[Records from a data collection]
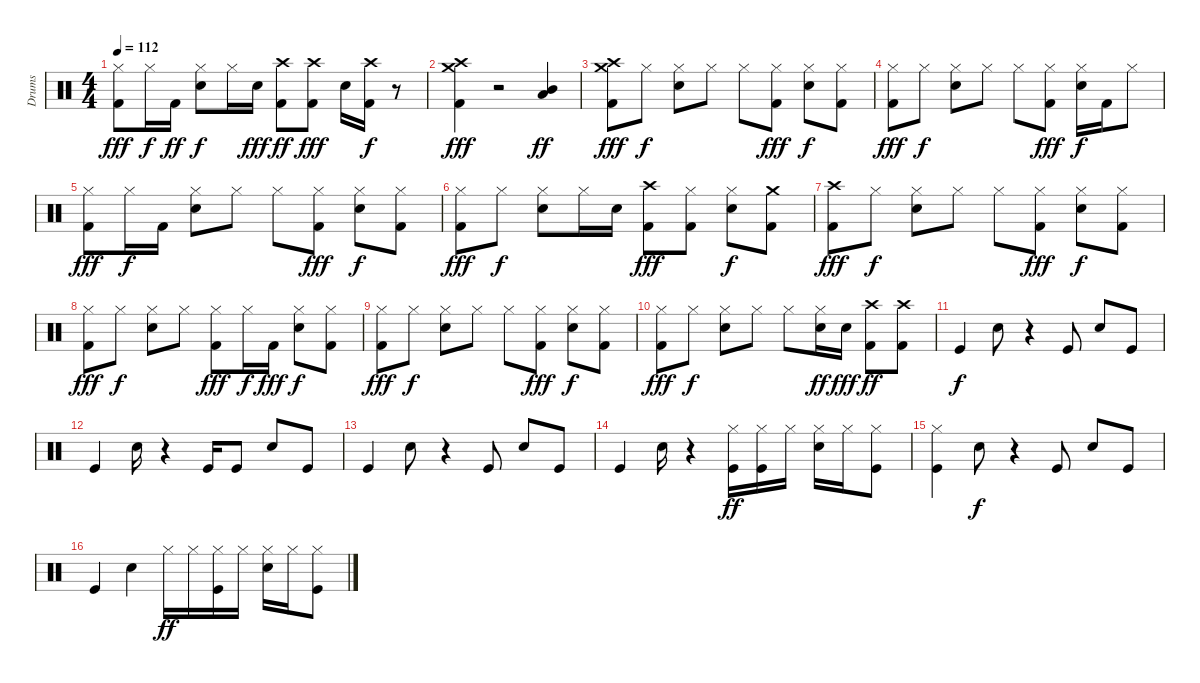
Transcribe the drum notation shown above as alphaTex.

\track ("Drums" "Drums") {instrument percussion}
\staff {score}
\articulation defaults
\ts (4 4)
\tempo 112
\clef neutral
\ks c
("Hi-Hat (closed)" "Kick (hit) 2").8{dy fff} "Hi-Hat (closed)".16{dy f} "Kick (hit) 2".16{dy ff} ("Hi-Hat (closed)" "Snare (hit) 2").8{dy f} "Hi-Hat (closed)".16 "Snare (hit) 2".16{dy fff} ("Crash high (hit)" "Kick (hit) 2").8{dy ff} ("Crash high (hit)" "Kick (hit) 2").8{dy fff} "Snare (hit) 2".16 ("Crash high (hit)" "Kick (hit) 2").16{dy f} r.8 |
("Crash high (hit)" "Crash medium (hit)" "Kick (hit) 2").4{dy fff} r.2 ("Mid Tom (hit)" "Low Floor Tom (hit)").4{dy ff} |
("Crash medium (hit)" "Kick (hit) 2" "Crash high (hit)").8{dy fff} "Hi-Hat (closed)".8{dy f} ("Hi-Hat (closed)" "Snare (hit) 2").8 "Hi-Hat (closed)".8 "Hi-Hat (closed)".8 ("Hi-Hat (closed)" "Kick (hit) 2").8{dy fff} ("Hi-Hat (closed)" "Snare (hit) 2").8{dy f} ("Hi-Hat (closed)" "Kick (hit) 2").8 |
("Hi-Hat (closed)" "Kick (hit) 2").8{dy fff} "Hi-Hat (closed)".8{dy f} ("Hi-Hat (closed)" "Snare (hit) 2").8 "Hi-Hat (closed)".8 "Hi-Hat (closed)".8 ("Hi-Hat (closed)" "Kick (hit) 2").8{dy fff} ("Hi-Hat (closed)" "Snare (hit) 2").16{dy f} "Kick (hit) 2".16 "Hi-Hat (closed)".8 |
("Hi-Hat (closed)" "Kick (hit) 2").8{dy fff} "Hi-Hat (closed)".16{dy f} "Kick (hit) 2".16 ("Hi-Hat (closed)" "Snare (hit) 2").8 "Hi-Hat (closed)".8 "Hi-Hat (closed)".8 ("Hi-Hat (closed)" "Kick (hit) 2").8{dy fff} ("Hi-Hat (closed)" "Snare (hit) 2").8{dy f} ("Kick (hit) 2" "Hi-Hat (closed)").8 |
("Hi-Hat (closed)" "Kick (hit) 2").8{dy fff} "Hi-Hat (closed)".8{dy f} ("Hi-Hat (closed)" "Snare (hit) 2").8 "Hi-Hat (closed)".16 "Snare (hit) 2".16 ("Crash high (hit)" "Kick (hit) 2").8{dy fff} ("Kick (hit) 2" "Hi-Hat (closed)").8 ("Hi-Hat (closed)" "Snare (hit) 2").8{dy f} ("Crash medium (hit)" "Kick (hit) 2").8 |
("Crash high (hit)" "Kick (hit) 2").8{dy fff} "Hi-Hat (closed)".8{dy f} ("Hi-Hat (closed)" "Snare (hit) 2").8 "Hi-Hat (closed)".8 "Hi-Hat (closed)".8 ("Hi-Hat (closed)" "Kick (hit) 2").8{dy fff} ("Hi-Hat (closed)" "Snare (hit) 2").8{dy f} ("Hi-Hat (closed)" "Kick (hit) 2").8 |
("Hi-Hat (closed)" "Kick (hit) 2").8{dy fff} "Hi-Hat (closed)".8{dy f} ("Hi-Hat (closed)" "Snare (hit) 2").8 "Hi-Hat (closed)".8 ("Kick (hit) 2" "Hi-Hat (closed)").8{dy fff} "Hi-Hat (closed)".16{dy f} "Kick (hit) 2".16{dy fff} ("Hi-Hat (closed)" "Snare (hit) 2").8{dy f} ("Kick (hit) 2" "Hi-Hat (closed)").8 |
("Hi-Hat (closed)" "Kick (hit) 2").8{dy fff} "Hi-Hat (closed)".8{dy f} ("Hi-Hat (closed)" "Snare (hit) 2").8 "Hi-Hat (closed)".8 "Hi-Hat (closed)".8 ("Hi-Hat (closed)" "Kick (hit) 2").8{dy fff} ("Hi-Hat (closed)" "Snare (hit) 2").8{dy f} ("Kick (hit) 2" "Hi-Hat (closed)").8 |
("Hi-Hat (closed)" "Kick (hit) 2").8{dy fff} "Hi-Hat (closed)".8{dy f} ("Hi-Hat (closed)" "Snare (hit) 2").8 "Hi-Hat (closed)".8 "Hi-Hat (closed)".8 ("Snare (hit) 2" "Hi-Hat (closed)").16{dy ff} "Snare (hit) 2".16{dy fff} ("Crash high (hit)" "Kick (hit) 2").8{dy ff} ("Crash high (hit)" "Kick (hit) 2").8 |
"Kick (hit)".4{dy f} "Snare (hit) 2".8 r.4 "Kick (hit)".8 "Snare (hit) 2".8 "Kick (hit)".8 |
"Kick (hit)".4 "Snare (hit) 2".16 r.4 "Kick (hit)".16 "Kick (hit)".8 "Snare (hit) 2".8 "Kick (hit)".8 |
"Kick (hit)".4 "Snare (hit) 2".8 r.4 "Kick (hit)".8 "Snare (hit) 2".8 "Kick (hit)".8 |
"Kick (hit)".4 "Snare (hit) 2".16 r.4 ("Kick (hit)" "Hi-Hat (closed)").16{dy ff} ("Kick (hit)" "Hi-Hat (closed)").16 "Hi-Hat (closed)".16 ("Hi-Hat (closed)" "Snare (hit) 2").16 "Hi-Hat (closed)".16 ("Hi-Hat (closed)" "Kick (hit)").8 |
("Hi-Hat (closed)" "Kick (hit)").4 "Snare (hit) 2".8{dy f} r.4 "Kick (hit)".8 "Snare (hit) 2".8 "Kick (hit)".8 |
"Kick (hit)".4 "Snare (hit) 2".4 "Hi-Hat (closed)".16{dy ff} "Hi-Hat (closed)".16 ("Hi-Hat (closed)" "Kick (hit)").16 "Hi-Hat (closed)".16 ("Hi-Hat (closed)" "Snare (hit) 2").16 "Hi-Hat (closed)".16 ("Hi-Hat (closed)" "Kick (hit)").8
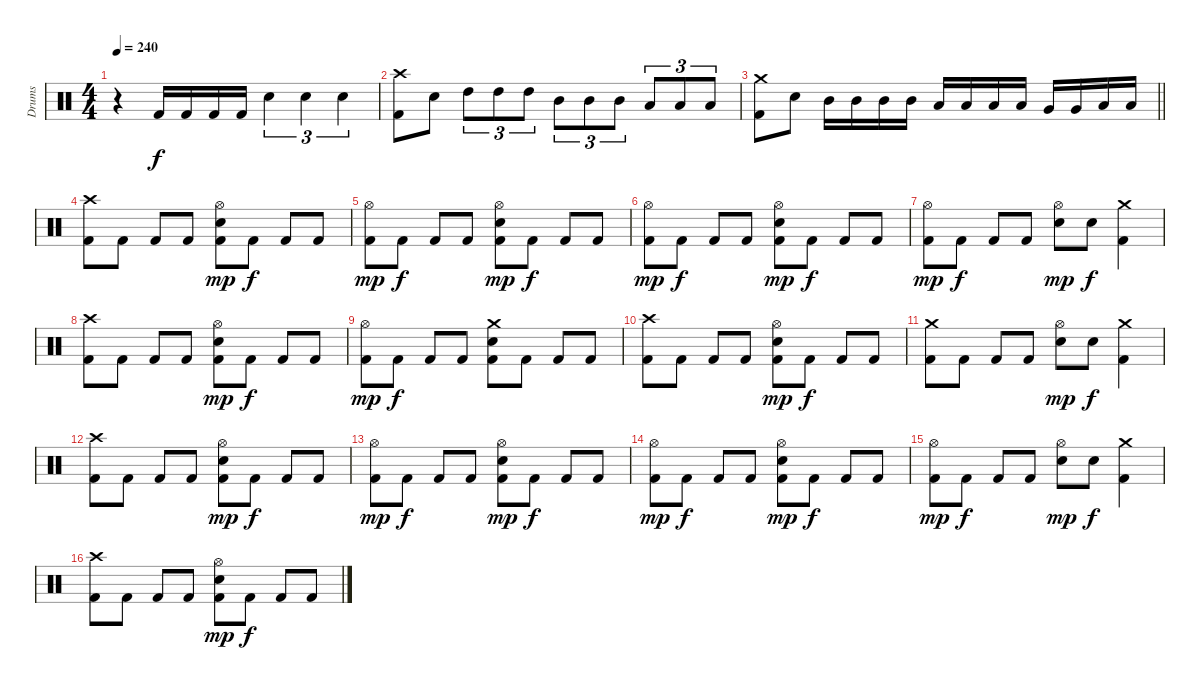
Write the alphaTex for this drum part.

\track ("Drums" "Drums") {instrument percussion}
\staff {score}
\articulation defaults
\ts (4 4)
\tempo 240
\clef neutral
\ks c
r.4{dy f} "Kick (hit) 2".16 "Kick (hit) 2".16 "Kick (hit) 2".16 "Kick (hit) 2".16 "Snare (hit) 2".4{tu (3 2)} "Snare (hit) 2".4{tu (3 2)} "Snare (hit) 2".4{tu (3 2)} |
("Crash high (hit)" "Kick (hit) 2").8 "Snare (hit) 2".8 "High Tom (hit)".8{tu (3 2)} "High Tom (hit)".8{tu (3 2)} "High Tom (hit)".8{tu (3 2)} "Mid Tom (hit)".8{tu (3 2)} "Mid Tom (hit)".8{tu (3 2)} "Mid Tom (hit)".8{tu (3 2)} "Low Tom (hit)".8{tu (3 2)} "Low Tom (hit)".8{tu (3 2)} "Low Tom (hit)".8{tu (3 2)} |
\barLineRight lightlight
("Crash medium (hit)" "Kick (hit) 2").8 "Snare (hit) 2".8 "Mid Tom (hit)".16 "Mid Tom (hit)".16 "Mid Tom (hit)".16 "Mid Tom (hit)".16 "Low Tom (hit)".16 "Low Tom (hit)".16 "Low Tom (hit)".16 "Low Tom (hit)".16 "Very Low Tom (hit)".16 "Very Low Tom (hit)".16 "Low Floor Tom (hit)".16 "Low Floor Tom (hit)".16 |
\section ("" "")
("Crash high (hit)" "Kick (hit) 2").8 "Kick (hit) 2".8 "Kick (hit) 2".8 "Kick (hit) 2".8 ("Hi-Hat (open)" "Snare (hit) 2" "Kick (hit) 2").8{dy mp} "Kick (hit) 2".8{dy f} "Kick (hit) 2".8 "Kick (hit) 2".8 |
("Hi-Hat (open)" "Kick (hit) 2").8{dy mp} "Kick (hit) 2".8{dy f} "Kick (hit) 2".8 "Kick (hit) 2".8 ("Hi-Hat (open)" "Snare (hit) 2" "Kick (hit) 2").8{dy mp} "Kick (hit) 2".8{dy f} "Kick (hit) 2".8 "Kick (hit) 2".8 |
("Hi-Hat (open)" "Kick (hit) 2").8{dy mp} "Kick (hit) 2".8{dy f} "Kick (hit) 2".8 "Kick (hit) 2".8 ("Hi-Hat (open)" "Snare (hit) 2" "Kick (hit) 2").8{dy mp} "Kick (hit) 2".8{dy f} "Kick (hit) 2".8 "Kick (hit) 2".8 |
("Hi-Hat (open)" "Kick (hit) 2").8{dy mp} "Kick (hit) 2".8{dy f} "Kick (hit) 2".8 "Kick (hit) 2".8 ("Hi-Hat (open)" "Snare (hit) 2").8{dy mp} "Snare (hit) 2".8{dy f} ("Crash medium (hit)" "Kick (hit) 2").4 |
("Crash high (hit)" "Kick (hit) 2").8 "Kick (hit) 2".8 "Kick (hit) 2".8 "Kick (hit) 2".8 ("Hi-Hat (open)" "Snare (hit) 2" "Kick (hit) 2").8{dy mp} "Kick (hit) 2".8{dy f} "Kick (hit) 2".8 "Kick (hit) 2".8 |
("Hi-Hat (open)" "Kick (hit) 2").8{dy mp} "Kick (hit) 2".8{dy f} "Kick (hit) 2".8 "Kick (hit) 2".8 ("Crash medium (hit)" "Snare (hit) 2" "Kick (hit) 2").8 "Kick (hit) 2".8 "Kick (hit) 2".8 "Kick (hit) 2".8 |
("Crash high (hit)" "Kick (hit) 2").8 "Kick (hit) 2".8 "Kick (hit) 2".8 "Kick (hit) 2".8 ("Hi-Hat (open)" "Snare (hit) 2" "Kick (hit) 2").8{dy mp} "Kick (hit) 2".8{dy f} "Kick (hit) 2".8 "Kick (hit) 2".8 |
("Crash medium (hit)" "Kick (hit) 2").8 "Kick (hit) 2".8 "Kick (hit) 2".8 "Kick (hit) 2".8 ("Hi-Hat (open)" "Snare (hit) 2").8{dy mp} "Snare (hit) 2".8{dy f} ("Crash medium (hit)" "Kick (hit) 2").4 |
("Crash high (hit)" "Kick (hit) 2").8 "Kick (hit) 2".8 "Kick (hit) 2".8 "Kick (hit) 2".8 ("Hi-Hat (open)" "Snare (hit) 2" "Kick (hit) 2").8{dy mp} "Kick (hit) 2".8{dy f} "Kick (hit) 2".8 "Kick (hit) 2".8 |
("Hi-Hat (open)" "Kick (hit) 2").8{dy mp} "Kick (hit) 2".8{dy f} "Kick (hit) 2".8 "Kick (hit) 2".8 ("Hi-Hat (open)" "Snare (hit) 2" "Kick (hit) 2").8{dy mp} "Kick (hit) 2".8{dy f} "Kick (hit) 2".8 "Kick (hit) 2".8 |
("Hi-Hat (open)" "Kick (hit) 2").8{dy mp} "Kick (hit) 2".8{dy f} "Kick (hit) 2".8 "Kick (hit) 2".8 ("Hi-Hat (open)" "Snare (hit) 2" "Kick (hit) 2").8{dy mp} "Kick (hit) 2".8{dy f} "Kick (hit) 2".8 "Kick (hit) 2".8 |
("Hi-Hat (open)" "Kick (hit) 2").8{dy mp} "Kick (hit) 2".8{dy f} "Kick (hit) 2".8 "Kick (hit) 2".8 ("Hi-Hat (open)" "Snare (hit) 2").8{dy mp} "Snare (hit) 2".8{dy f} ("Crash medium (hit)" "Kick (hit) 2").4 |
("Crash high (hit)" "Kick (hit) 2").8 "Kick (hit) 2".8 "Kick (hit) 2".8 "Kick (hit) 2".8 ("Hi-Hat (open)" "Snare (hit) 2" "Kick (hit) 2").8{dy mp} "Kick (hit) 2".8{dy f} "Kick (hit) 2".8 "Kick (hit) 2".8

### WHAT TO WORK ON
Give the count of lines in the records above that hold the string "medium", and only that count.

### ANSWER FOR THIS EXERCISE
8